Scottish writer (born 1959)

Rona Munro (born 7 September 1959) is a Scottish writer for theatre, radio, television, and films. Her film work includes Ken Loach's Ladybird, Ladybird (1994), Oranges and Sunshine (2010) for Jim Loach, and Aimée & Jaguar (1999), co-authored by German director Max Färberböck.

==Early life==
Munro went to school in Stonehaven and studied at the University of Edinburgh, where she wrote plays for the Television Society. After graduating in 1980, she was involved in the staging of the series of Women Live festivals at the Netherbow Theatre in Edinburgh.

== Career ==
Munro's first commissioned play was Fugue in 1983. This was followed in 1990 by Bold Girls, set during the Troubles in Northern Ireland, and Iron, first produced at the Traverse Theatre in Edinburgh in 2002 and staged many times worldwide.

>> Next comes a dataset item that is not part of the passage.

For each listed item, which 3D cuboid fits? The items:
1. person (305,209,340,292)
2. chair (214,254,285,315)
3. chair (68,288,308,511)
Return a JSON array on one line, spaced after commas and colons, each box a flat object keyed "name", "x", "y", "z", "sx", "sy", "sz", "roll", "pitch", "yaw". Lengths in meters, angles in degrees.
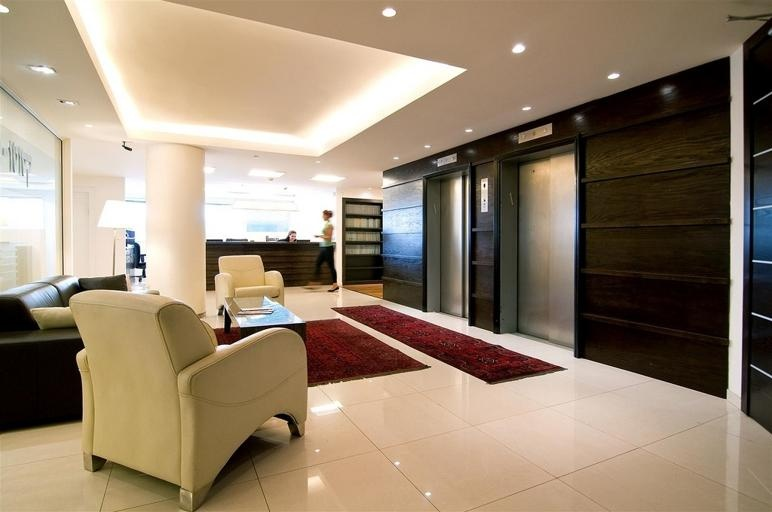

Munro's early television work included Survival (1989), the last serial of the original Doctor Who, and she returned to the show in 2017, writing "The Eaters of Light" for the tenth series of the revived version. This made her the only writer who has worked in both eras of Doctor Who. She later novelised both stories for the original and revived range of Target Books, respectively. She also wrote episodes of the BBC hospital drama series Casualty, and a BBC film, Rehab, directed by Antonia Bird.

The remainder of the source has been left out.